Later in life you may come across things like BLUPs and MVUEs, but BLUEs are good enough for now.
The least squares estimators are therefore called BLUEs, for Best Linear Unbiased Estimators.
3.2.3 Predictions
Another context in which we are trying to estimate True Quantities is prediction. In this situation, our estimator is…whatever our model predicts given some set of predictor values \(\boldsymbol{x}_{\nu}\), which we call \(\hat{y}_{\nu}\). But what is it that we’re trying to estimate?
From one perspective, we’re trying to estimate the true average response for given predictor value(s): \(\hat{\mu}_{\nu}\) given \(\boldsymbol{x}_{\nu}\). (Look back at the notes on confidence intervals for predictions to see this notation!)
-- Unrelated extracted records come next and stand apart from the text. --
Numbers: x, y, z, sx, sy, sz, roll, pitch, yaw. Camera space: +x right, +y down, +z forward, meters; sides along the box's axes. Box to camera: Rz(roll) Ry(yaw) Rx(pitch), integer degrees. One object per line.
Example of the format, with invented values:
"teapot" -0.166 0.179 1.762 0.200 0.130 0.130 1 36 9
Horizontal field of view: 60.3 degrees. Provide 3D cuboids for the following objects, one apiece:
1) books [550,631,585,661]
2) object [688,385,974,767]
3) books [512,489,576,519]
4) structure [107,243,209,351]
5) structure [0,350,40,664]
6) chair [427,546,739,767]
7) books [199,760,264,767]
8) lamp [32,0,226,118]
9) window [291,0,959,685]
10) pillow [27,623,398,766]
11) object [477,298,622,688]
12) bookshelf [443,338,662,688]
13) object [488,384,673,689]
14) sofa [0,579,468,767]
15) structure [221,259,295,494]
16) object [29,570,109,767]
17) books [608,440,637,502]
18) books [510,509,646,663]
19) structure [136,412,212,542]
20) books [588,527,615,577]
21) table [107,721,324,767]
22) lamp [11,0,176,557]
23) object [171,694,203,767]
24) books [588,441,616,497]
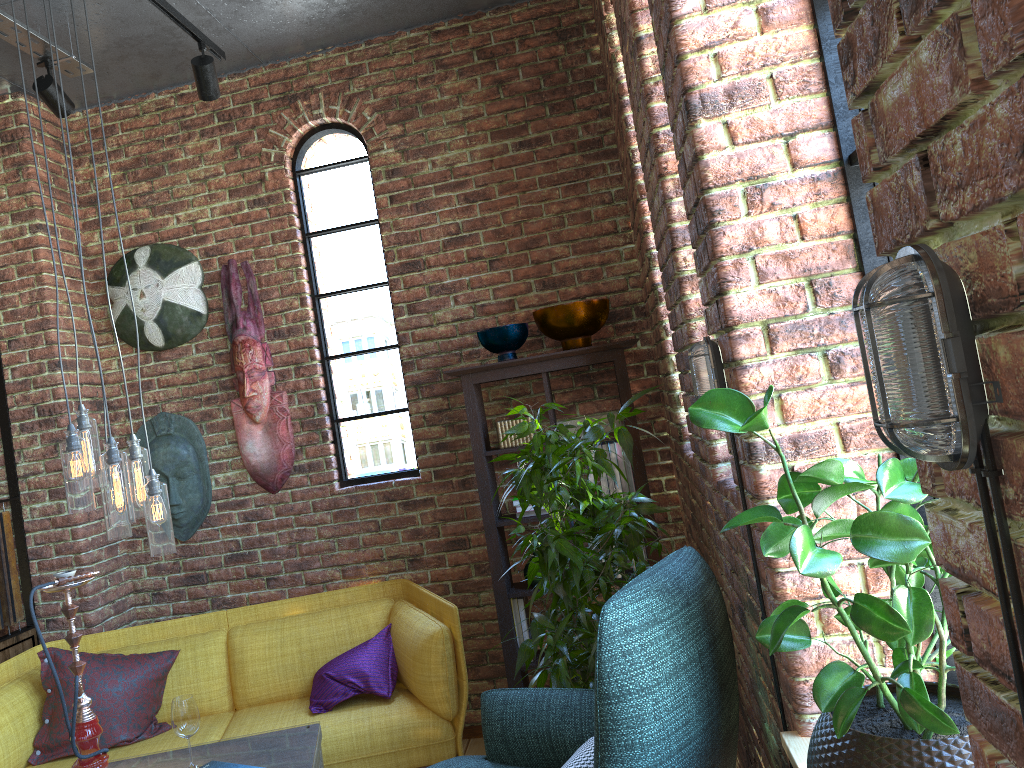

In that case, the difference between the True Quantity and our estimator is \((\hat{\mu}_{\nu} - \hat{y}_{\nu})\). That’s the difference between the value of the True Line (or whatever) given that \(\boldsymbol{x}\), and our model’s prediction given that \(\boldsymbol{x}\). So the MSE is:
\[E(\hat{\mu}_{\nu} - \hat{y}_{\nu})^2 = Var(\hat{y}_{\nu}) + Bias(\hat{y}_{\nu}, \hat{\mu}_{\nu})^2\]
But there’s another perspective we could take on this. Suppose the True Quantity we’re trying to estimate isn’t the average response \(\hat{\mu}_{\nu}\), but a single, individual response value \(y_{\nu}\) (still with predictor values \(\boldsymbol{x}_{\nu}\)). Just as we saw with prediction intervals vs. confidence intervals, there’s now an “extra error” involved: the variation of individual points around \(\hat{\mu}_{\nu}\). So the MSE gets an extra piece:
\[E(y - \hat{y}_{\nu})^2 = Var(\hat{y}_{\nu}) + Bias(\hat{y}_{\nu}, \hat{\mu}_{\nu})^2 + Var(\varepsilon)\]
or in other words
\[E(y - \hat{y}_{\nu})^2 = Var(\hat{y}_{\nu}) + Bias(\hat{y}_{\nu}, \hat{\mu}_{\nu})^2 + \sigma^2_{\varepsilon}\] This is the version the textbook uses. It’s practical because in the real world, we don’t have any actual data about \(\hat{\mu}_{\nu}\); all we have is a sample of observed individual \(y\) values. So those are what we use to calculate, say, the test MSE.
Of course, no matter what choices you make about modeling, you can never get rid of \(\sigma^2_{\varepsilon}\) (that’s why we call it irreducible error). Such is life.